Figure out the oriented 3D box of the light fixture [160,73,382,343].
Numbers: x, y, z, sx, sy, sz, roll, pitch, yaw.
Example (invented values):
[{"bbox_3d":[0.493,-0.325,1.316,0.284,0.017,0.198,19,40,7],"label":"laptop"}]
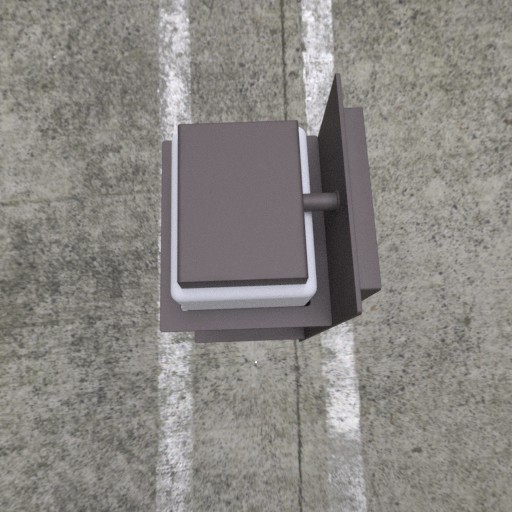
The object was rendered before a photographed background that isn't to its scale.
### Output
[{"bbox_3d":[0.000,0.000,0.431,0.146,0.347,0.153,-2,77,-1],"label":"light fixture"}]

ACTIVITY: Everything in the listing except the pictures must come back exactly as written.

WRITTEN SOLUTION:
Figure out the oriented 3D box of the light fixture [160,73,382,343].
Numbers: x, y, z, sx, sy, sz, roll, pitch, yaw.
Example (invented values):
[{"bbox_3d":[0.493,-0.325,1.316,0.284,0.017,0.198,19,40,7],"label":"laptop"}]
The object was rendered before a photographed background that isn't to its scale.
### Output
[{"bbox_3d":[0.000,0.000,0.431,0.146,0.347,0.153,-2,77,-1],"label":"light fixture"}]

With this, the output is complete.